Les adolescents, en raison de leur entrée tardive dans l'adultité, de la déconstruction des rites sociaux d'initiation, de la nostalgie adulte de l'adolescence, sont à la peine, souvent, pour construire leur nouvelle identité et assumer leur nouveau corps. Les adultes ne reconnaissent pas en eux, le plus souvent, ce qu'ils ont été, confrontés qu'ils sont à des langages qu'ils ne comprennent plus, aux formes innovantes de communication numérique, à des comportements choquants voire inquiétants : rejet systématique de l'autorité, excentricités vestimentaires, choix musicaux, conduites à risque : imprudences sur la route, consommation excessive d'alcool ou de stupéfiants, hétéro- et auto-violence gratuites, tentatives de suicide, etc.
L'éthosémioticien s'efforce de mettre à distance la tentation de la démission sémiotique en s'attachant à donner du sens aux discours et comportements adolescents, et en en modélisant l'engendrement à partir du corps et du psychisme en mutation, les instances de base.
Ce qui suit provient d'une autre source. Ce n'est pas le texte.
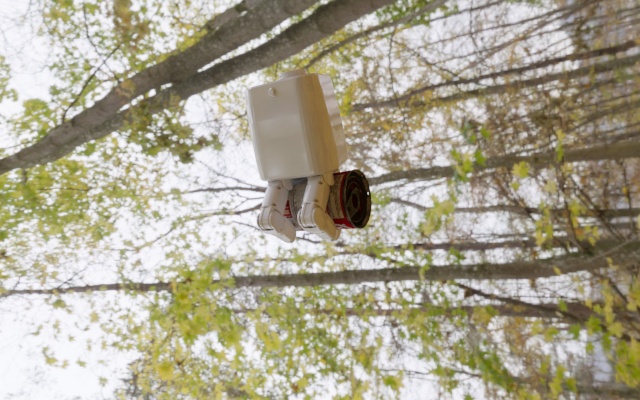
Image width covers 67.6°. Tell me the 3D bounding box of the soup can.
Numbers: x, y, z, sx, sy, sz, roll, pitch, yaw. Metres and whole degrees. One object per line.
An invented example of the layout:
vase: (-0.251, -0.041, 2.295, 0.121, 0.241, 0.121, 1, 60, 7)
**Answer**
soup can: (0.000, 0.002, 0.564, 0.102, 0.068, 0.068, -5, -3, 30)
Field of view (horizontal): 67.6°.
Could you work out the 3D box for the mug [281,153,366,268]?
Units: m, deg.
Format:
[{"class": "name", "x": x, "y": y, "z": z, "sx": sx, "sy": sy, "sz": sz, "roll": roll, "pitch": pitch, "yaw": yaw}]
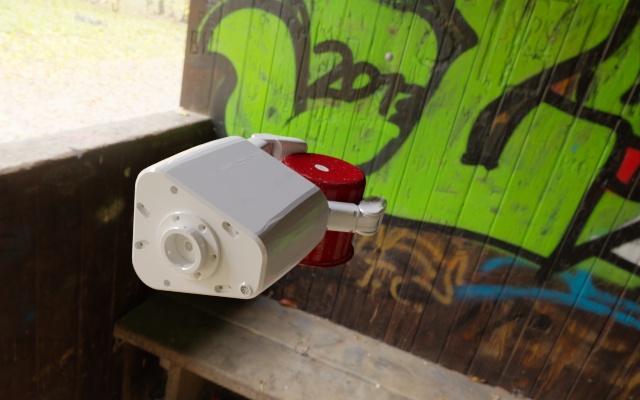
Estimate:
[{"class": "mug", "x": 0.001, "y": 0.001, "z": 0.467, "sx": 0.093, "sy": 0.081, "sz": 0.117, "roll": 19, "pitch": 23, "yaw": 14}]
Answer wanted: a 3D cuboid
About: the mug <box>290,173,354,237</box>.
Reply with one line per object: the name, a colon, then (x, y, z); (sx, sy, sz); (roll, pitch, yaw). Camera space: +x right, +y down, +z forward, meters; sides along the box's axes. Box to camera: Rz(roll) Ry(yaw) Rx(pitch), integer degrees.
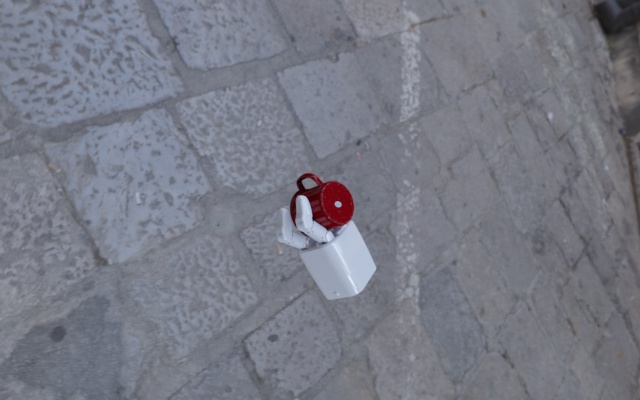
mug: (0.000, 0.001, 0.853); (0.081, 0.117, 0.093); (-21, 11, 47)
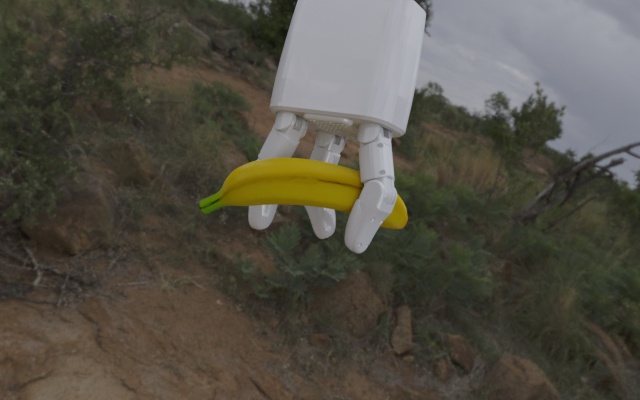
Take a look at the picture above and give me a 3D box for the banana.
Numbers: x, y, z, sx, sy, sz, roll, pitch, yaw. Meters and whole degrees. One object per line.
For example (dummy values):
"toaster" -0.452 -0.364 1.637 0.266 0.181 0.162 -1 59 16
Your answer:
"banana" 0.005 -0.005 0.400 0.198 0.037 0.070 8 -22 -26
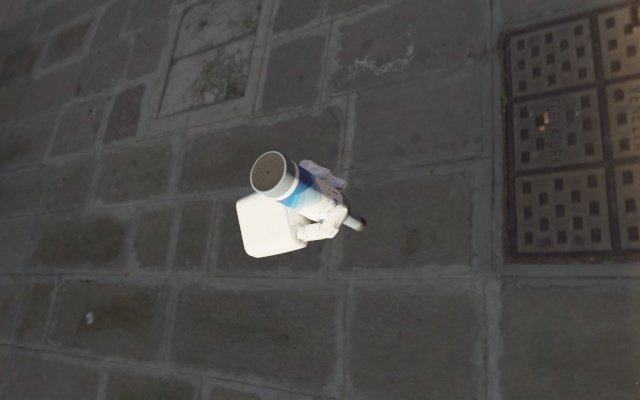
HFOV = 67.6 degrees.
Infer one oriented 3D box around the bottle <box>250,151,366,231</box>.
[{"bbox_3d":[0.000,0.003,0.816,0.069,0.069,0.296,0,-18,33],"label":"bottle"}]
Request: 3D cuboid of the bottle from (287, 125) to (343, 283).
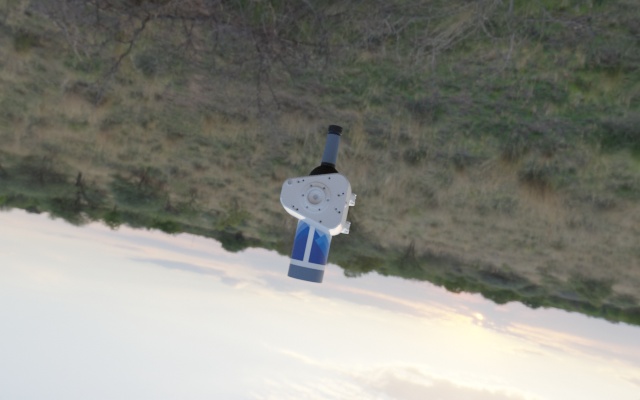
[{"bbox_3d":[0.000,0.003,0.897,0.069,0.295,0.069,11,-6,1],"label":"bottle"}]
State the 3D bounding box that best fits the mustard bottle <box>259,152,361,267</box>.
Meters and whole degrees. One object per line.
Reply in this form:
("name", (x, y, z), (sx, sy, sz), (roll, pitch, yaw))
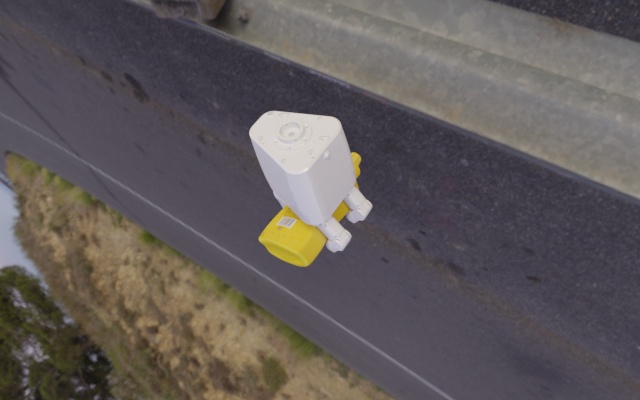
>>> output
("mustard bottle", (0.000, 0.003, 0.689), (0.096, 0.191, 0.058), (10, -35, 49))
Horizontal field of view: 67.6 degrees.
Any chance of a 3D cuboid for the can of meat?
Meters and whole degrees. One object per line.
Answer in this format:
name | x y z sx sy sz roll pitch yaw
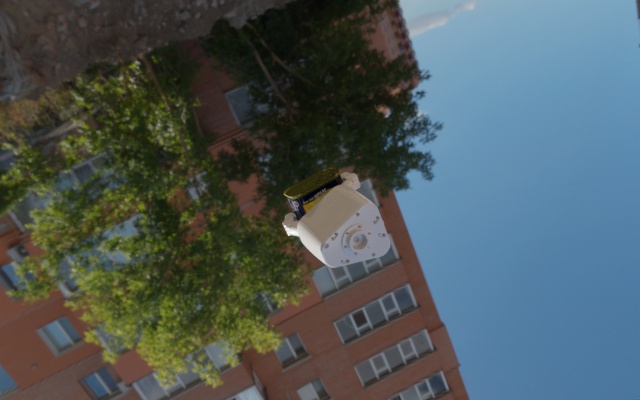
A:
can of meat | 0.000 0.003 0.831 0.102 0.084 0.057 -29 22 -15
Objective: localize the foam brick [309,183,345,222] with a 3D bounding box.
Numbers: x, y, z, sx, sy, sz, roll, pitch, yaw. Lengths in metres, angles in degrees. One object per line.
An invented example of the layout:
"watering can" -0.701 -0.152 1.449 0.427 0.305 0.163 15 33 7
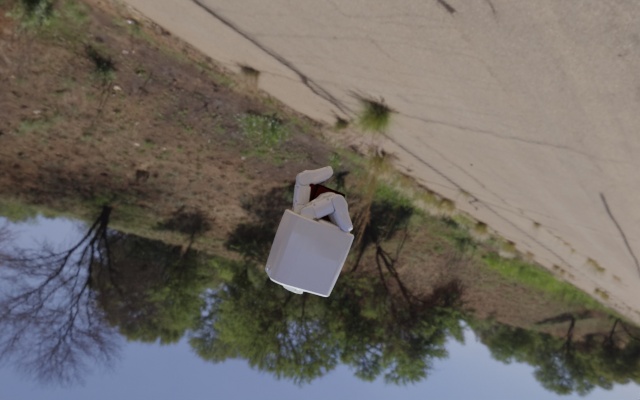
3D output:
"foam brick" 0.000 0.003 0.804 0.053 0.051 0.078 21 -1 -14
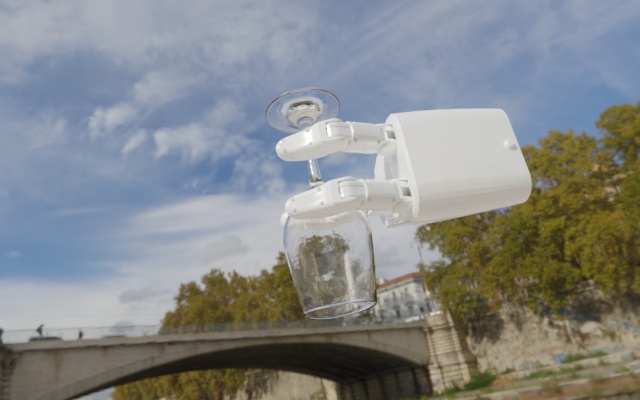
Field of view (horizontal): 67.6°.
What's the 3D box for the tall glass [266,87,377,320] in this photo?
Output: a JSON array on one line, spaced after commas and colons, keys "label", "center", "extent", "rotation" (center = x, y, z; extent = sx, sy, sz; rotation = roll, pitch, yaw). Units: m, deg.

Sont sollicités les acquis de la Sémiotique de l'École de Paris, mais aussi de la psychanalyse : ainsi, la découverte d'un puissant fantasme (celui d'auto-engendrement) éclaire-t-elle de manière originale le sens de bien des conduites apparemment insensées ouvrant de nouvelles perspectives de prévention et de thérapie.
Bien loin de noircir le tableau de l'adolescence actuelle, il s'agit certes d'en montrer les difficultés spécifiques, mais aussi de faire l'éloge de ses capacités créatives (ainsi en matière de langage), de valoriser la mise en oeuvre de moyens remarquables de résolution des tensions et des conflits : la découverte des fonctions profondes de l'écriture, l'usage bienveillant des réseaux sociaux, les échanges quasi-thérapeutiques entre adolescents dans les forums des sites dédiés en sont autant d'exemples convaincants.